New York sex offenders purged from Facebook and MySpace
NEW YORK (AP) — New laws passed in 25 states are making it easier for social networking giants Facebook and MySpace to purge their membership lists of convicted rapists, gropers and child molesters.
More than 3,500 offenders registered in New York have been kicked off the two popular Web sites in the months since the state implemented a law requiring sex- crime convicts to register their e-mail addresses, as well as their dwellings, attorney general Andrew Cuomo announced Tuesday.
Both MySpace and Facebook have long had policies banning sex offenders, and have routinely used state registries in the past to block tens of thousands of convicts from joining.
But the task of identifying convicts among millions of users has been both tricky and labor intensive, and the companies said Tuesday that New York’s new law and others like it are streamlining the process.
“Our program was very successful, but we wanted to add an extra layer of protection,” said Hemanshu Nigam, chief security officer of MySpace and its parent company, News Corp.

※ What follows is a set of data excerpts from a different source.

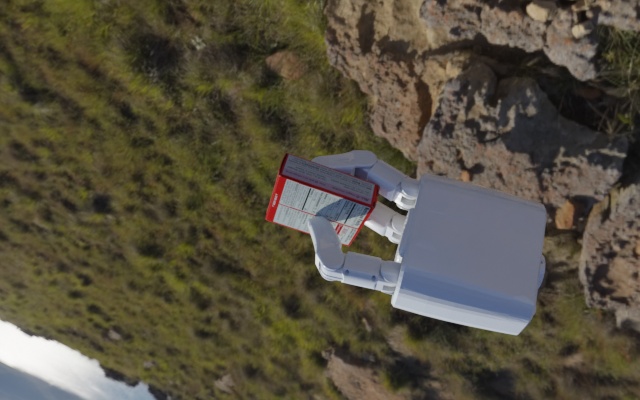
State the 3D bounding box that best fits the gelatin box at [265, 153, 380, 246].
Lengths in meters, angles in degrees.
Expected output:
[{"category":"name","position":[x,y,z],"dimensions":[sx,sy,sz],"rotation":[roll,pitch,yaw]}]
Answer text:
[{"category":"gelatin box","position":[0.000,0.002,0.436],"dimensions":[0.089,0.030,0.073],"rotation":[18,-37,-4]}]
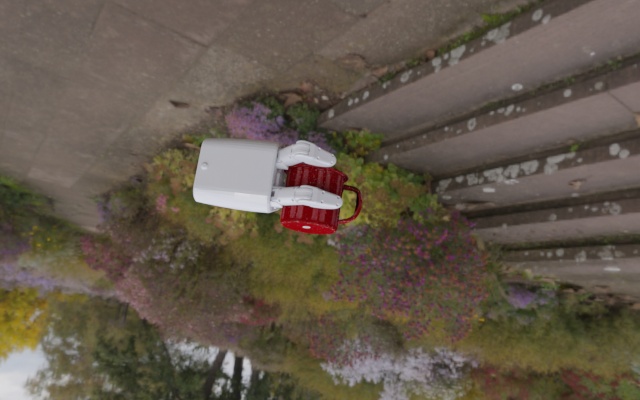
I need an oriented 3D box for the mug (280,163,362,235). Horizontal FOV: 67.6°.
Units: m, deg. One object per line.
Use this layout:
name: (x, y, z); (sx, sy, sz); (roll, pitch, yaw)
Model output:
mug: (0.002, 0.003, 0.673); (0.117, 0.081, 0.093); (7, -14, 6)
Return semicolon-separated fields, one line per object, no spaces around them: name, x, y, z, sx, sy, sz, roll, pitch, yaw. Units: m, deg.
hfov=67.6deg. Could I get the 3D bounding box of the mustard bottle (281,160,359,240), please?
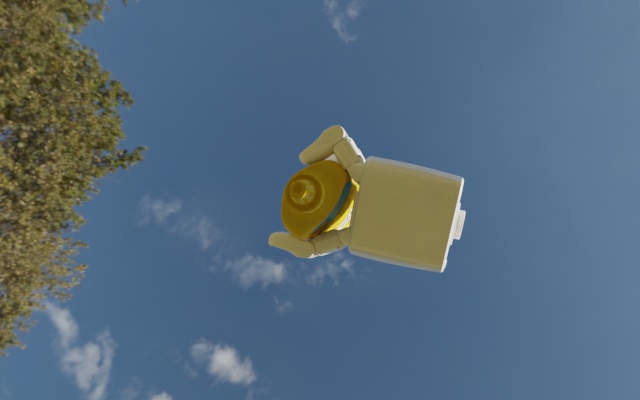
mustard bottle;0.000;0.002;0.558;0.058;0.096;0.191;38;2;14
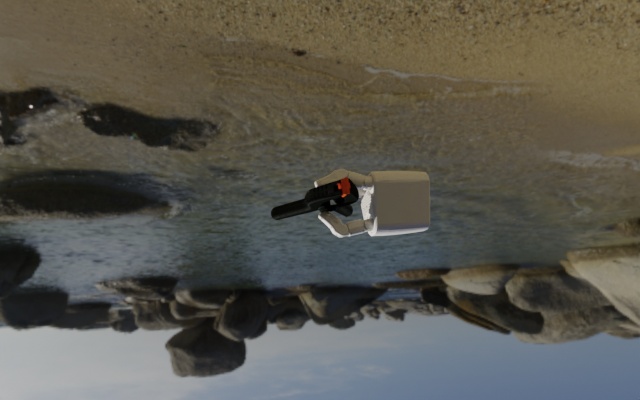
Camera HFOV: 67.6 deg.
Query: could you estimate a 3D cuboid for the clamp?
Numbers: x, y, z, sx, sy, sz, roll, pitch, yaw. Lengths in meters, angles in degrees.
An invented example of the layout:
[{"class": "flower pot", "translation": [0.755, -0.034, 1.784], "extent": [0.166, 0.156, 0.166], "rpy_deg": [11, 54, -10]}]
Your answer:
[{"class": "clamp", "translation": [0.001, 0.003, 0.850], "extent": [0.164, 0.036, 0.210], "rpy_deg": [-5, -13, -12]}]
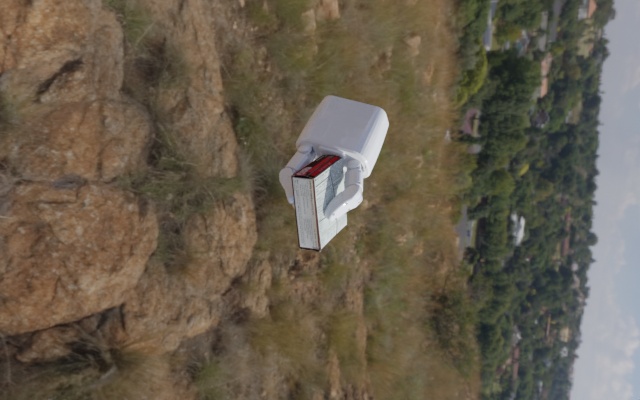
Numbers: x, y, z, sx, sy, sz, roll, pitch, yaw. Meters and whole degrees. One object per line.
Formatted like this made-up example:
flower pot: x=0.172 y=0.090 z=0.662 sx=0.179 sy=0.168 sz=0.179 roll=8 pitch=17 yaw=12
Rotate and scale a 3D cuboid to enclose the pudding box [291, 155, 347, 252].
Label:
pudding box: x=0.000 y=0.002 z=0.670 sx=0.039 sy=0.113 sz=0.090 roll=6 pitch=25 yaw=29
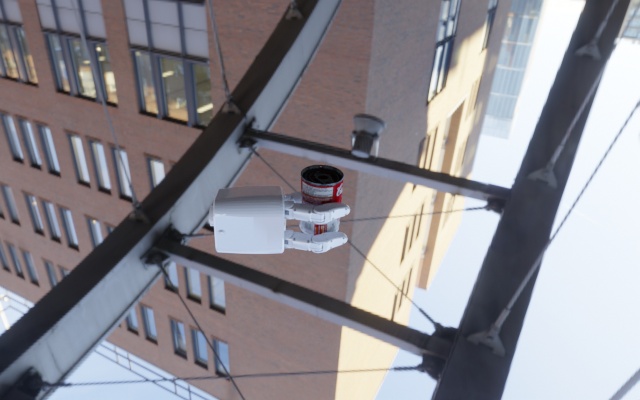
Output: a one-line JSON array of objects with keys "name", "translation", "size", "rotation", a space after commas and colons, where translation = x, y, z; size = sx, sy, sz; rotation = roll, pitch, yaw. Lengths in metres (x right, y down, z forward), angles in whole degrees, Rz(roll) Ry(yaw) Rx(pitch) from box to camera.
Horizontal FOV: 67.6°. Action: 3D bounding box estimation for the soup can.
[{"name": "soup can", "translation": [0.001, 0.003, 0.771], "size": [0.068, 0.102, 0.068], "rotation": [3, 30, -2]}]

Over the past two years, half the states have passed sex-offender e-mail registration laws similar to the one now in place in New York.
Congress has also passed a law creating a national sex-offender e-mail registry, although it has not yet been implemented. The details of the system are still being developed by the U.S. Justice Department.
The registries are intended to solve a series of obstacles to efforts by social networking sites to keep offenders from enrolling.